| RECORD EXTRACTS |
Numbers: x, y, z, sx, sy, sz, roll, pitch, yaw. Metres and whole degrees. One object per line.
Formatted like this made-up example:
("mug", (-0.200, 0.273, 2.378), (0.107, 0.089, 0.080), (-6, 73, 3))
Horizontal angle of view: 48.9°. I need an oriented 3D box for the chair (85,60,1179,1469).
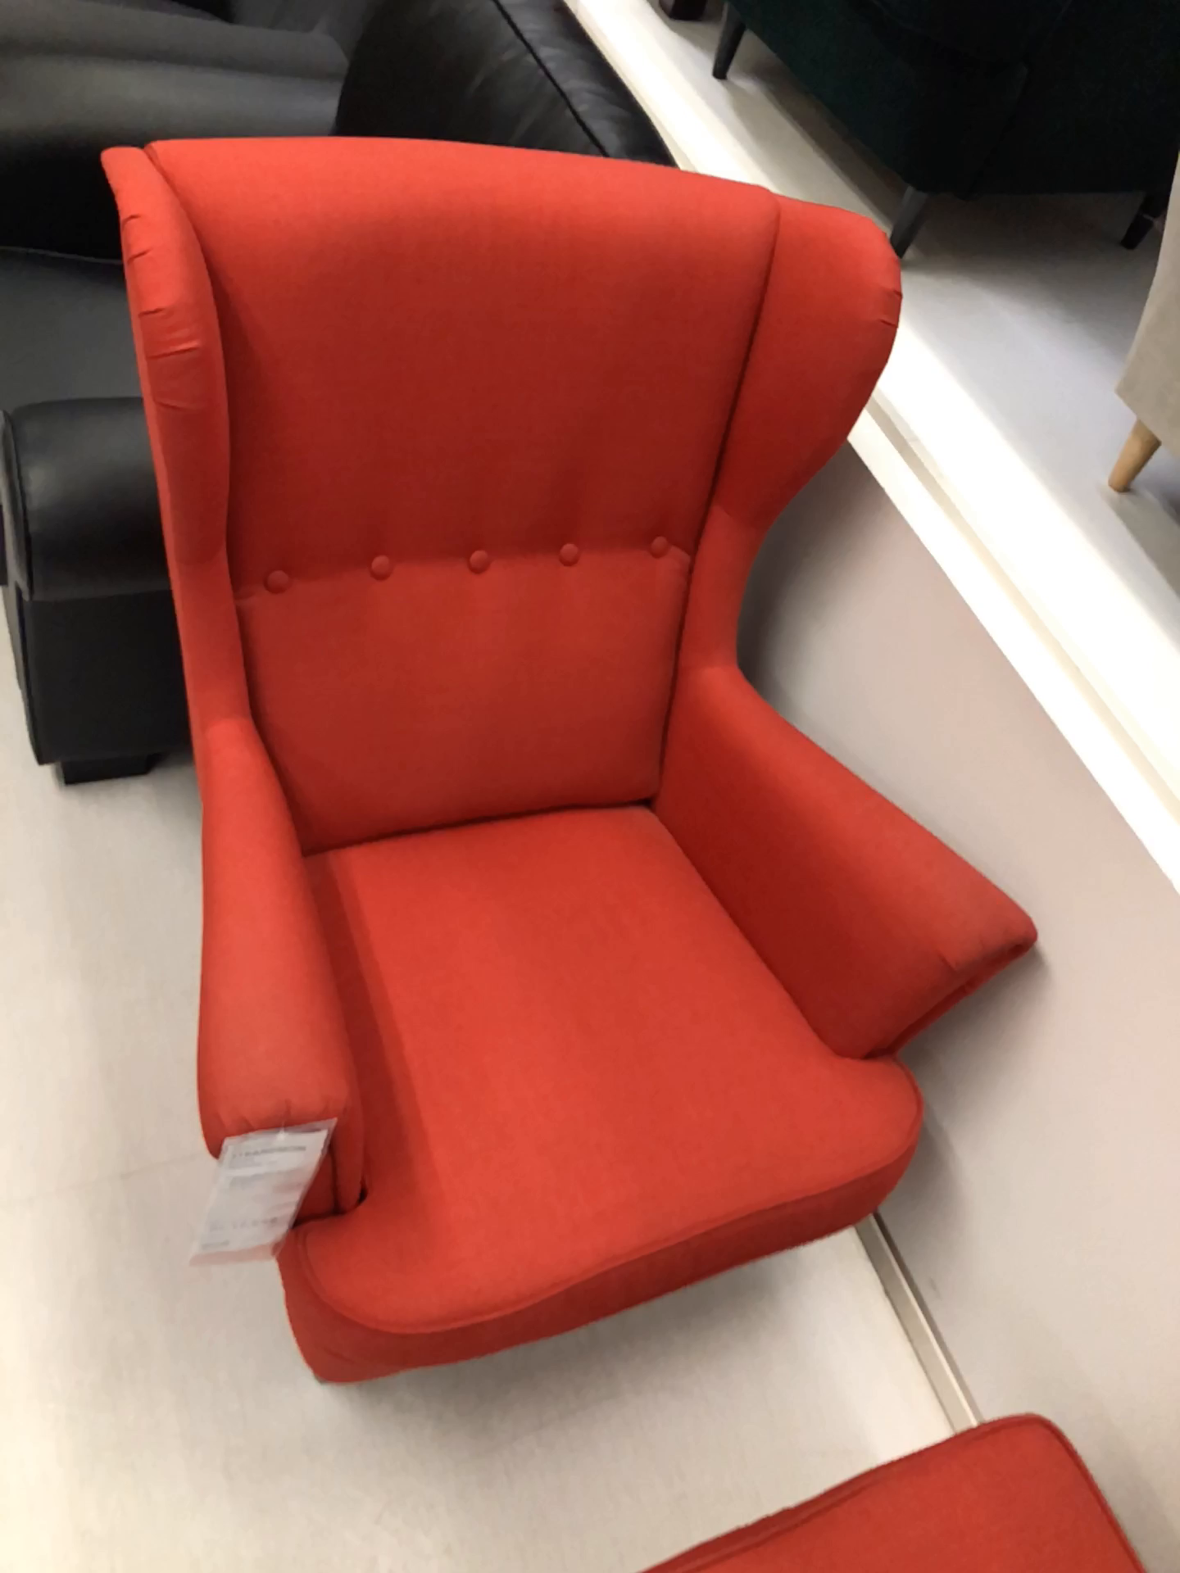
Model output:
("chair", (0.034, -0.006, 1.354), (0.902, 0.974, 0.844), (-9, 55, -25))

| ACTIVITY |
Without including any picture, write out the material above exactly.

| ANSWER SPACE |
Numbers: x, y, z, sx, sy, sz, roll, pitch, yaw. Metres and whole degrees. One object per line.
Formatted like this made-up example:
("mug", (-0.200, 0.273, 2.378), (0.107, 0.089, 0.080), (-6, 73, 3))
Horizontal angle of view: 48.9°. I need an oriented 3D box for the chair (85,60,1179,1469).
Model output:
("chair", (0.034, -0.006, 1.354), (0.902, 0.974, 0.844), (-9, 55, -25))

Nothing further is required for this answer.